The Insight (Rule of Thumb)
- Action: Check backend selection with `NVTE_DEBUG=1 NVTE_DEBUG_LEVEL=2` to see which backend is chosen.
- Value: Backend priority and constraints:
- FlashAttention-3 (SM 9.0 only): Fastest for Hopper, supports FP8 attention. Requires separate installation.
- FlashAttention-2 (SM 8.0+): Best general-purpose backend. Version 2.1.1+ required, 2.7.3+ for Blackwell.
- cuDNN FusedAttention: Two sub-backends:
- `F16_max512_seqlen`: For seq_len <= 512 only. Limited feature set.
- `F16_arbitrary_seqlen`: For any sequence length. Training on SM < 9.0 requires cuDNN >= 8.9.5.
- Unfused PyTorch: Fallback when no fused backend is available.
- Trade-off: FlashAttention is generally fastest but has strict head dimension and dtype constraints. FusedAttention/cuDNN supports more dtypes (including FP8) but may be slower for some configurations.
Key Constraints
- Head dimension (FlashAttention-2): Must be <= 256 and divisible by 8. Heads > 192 only supported on SM 80, 90, 100, 120.

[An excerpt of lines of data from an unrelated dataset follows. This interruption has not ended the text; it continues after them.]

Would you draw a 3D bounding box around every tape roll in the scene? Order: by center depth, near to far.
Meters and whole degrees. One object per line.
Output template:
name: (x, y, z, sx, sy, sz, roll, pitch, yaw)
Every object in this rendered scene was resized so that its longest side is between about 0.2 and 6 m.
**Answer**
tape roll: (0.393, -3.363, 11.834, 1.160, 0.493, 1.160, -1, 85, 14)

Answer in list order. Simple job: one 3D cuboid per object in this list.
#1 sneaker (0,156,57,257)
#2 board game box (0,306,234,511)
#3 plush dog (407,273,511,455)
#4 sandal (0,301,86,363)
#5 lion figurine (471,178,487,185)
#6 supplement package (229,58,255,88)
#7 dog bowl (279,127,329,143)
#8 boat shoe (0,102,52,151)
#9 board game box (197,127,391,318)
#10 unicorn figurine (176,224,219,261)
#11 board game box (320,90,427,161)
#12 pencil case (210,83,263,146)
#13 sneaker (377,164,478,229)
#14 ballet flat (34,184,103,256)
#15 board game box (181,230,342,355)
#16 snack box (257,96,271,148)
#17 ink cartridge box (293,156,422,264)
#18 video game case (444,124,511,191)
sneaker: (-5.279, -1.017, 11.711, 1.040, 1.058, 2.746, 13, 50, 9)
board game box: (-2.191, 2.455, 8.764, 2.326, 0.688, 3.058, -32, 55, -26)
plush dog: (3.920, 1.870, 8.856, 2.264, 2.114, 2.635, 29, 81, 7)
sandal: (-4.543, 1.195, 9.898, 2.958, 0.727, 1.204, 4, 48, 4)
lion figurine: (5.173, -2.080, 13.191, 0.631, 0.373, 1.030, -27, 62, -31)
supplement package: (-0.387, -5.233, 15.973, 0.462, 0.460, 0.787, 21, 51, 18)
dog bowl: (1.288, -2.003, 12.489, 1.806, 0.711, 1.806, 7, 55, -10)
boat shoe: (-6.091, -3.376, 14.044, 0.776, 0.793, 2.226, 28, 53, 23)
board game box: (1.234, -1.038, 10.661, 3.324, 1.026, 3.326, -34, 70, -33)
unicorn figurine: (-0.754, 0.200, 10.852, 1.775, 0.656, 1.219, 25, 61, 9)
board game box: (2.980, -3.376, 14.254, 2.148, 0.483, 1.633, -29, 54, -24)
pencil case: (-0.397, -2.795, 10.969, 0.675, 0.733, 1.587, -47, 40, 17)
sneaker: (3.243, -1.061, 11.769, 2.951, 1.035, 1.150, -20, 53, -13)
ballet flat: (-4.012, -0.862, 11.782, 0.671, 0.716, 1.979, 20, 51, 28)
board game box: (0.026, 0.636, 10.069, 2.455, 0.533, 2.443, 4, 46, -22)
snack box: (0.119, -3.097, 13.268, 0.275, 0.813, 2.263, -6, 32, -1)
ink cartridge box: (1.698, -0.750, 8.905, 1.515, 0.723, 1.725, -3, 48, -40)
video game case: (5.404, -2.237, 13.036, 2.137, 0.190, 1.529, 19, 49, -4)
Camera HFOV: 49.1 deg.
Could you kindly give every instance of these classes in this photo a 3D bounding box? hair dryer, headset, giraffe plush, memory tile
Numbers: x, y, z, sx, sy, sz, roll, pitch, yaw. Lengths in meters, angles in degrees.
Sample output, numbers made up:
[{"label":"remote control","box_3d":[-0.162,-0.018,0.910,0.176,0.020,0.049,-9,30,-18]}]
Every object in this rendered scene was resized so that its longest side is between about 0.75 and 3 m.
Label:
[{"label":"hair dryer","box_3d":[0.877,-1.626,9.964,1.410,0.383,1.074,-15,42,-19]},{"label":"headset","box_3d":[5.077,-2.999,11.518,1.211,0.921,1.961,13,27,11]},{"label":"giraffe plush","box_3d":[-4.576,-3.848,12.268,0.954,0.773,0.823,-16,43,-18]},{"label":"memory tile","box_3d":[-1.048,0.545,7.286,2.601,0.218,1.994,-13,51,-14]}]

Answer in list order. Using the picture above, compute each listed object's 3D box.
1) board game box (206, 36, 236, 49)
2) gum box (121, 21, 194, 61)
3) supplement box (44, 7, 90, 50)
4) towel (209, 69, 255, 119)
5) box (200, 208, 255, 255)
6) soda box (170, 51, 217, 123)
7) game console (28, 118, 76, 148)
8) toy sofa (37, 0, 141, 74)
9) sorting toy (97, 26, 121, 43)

- Dtype (FlashAttention-2): Only `torch.bfloat16` and `torch.float16`.
- Causal masking: If `max_seqlen_q != max_seqlen_kv` with causal mask, FlashAttention is disabled.
- SM 8.9 (Ada) bug: FusedAttention with KV caching is disabled due to a cuDNN bug.
- Determinism: FP8 FusedAttention cannot be deterministic. FlashAttention-2 determinism requires version >= 2.4.1.
Reasoning
Each backend is optimized for different scenarios. FlashAttention uses IO-aware tiling to minimize HBM reads, making it fastest for most configurations. cuDNN FusedAttention provides broader dtype support (FP8, FP32) and can leverage cuDNN graph optimizations. The unfused backend serves as a correctness reference and fallback. The selection logic prioritizes the fastest available backend while respecting hardware and feature constraints.
Code Evidence
Environment variable controls from `transformer_engine/pytorch/attention/dot_product_attention/utils.py:57-64`:
_NVTE_DEBUG = int(os.getenv("NVTE_DEBUG", "0"))
_NVTE_DEBUG_LEVEL = int(os.getenv("NVTE_DEBUG_LEVEL", "0"))
_NVTE_FLASH_ATTN = int(os.getenv("NVTE_FLASH_ATTN", "1"))
Flash Attention version requirements from `transformer_engine/pytorch/attention/dot_product_attention/utils.py:114-118`:
class FlashAttentionUtils:
version_required = PkgVersion("2.1.1") # Pre-Blackwell
version_required_blackwell = PkgVersion("2.7.3") # Blackwell (SM 10.0+)
max_version = PkgVersion("2.8.3") # Maximum supported